2. **Model Comparison:** LLaMA 2 13B Chat (a) shows the highest median values at each corresponding depth, followed by Mixtral 8x7B Instruct (c), and then Mistral 8B Instruct (b).
3. **Variance and Outliers:** Mixtral 8x7B Instruct (c) displays the most significant variance and the most pronounced outlier behavior, especially the cluster of high outliers at Depth 2. LLaMA 2 and Mistral show fewer, more isolated outliers.
4. **Spread:** The interquartile range (box height) is relatively consistent across depths within each model, suggesting the central 50% of the data has a stable spread, even as the median shifts.
### Interpretation
The "Depthwise Average MIN-K%" metric appears to measure some property of model activations or performance that improves (increases) with network depth. The consistent upward trend across all three models suggests this is a fundamental characteristic related to how information is processed or refined in deeper layers of these transformer-based language models.
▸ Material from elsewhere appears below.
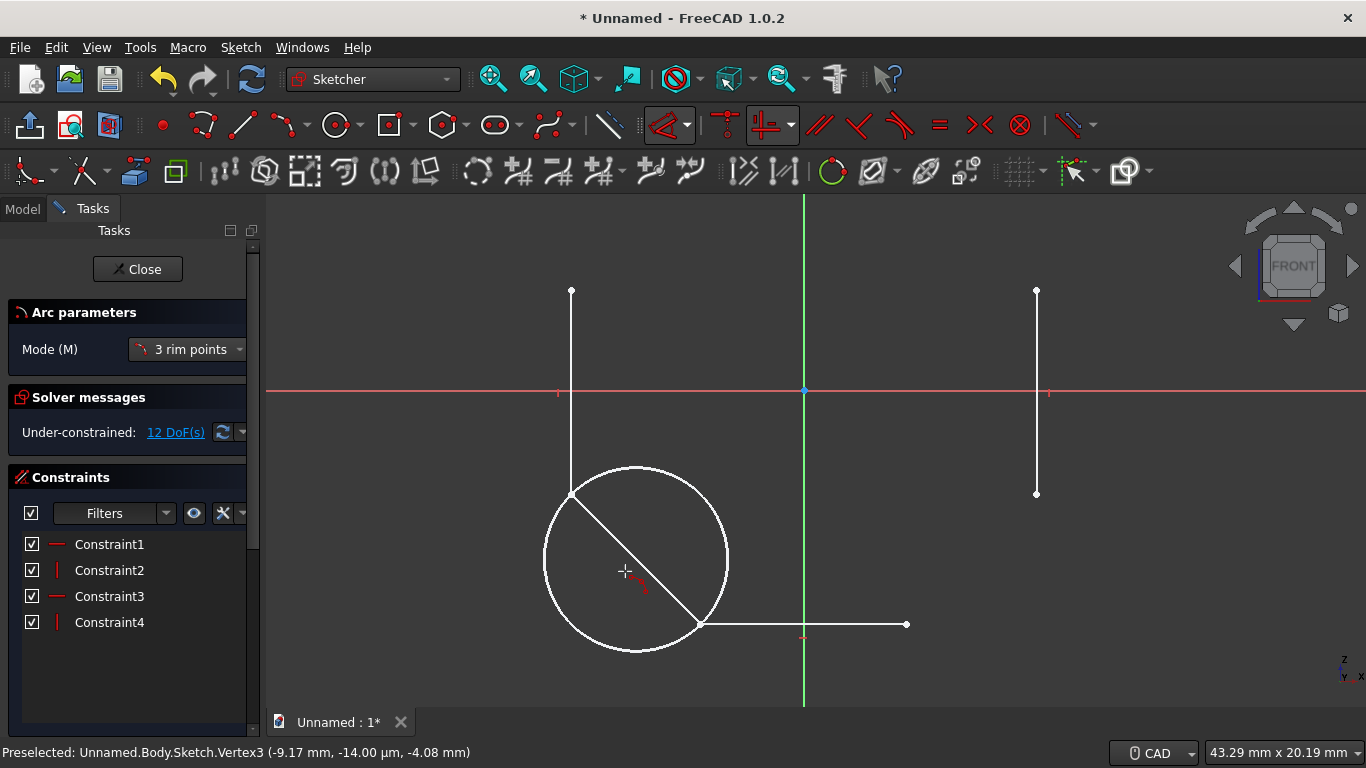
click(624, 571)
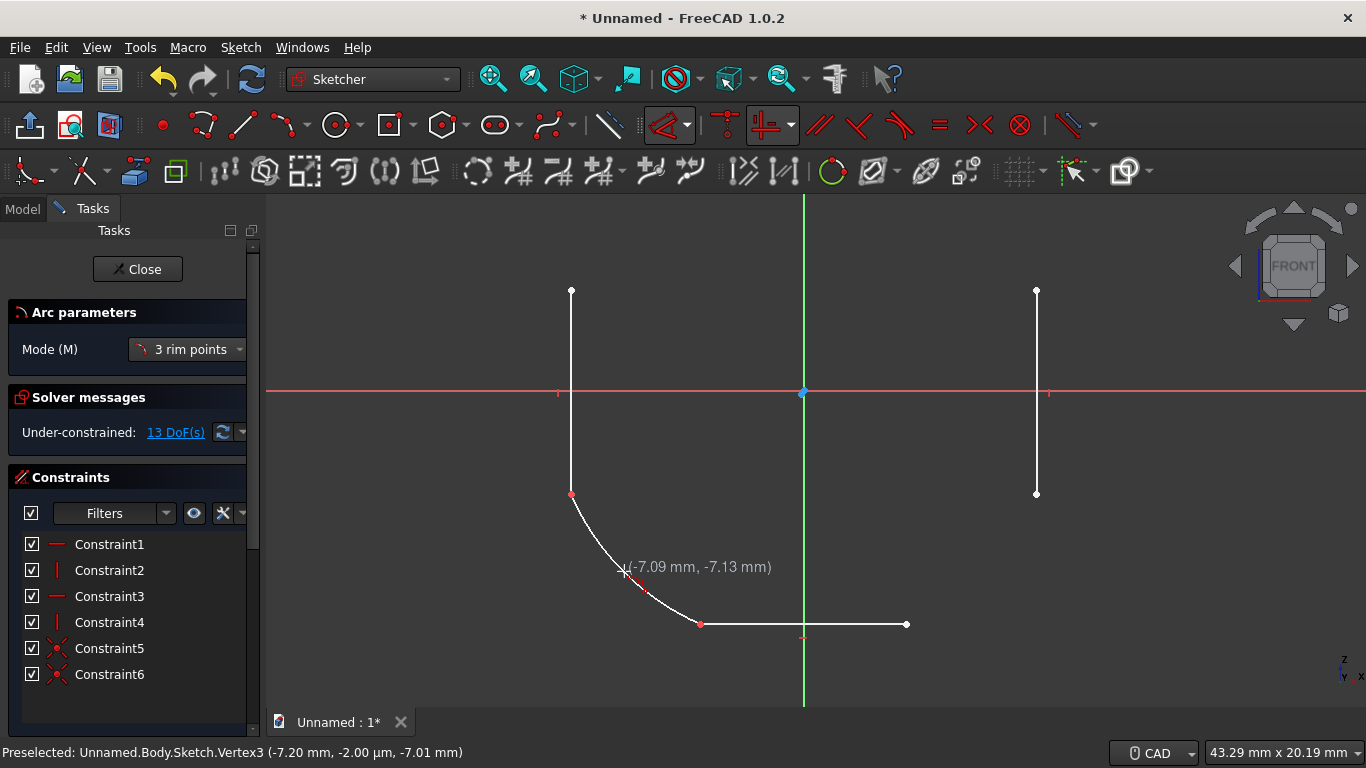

The differences between models are noteworthy. LLaMA 2's higher overall values might indicate a different internal scaling or a stronger effect at each depth. The high variance and outliers in Mixtral, a Mixture-of-Experts model, could reflect the specialized routing of tokens to different expert sub-networks, leading to more diverse activation patterns at certain depths (like Depth 2), which manifests as a wider spread and more extreme values in the metric.
This analysis suggests that depth is a critical factor for the MIN-K% metric. The presence of outliers, particularly in the MoE model, indicates that while the general trend is upward, individual data points (likely corresponding to specific tokens or sequences) can behave very differently, highlighting the complexity and non-uniformity of internal model computations.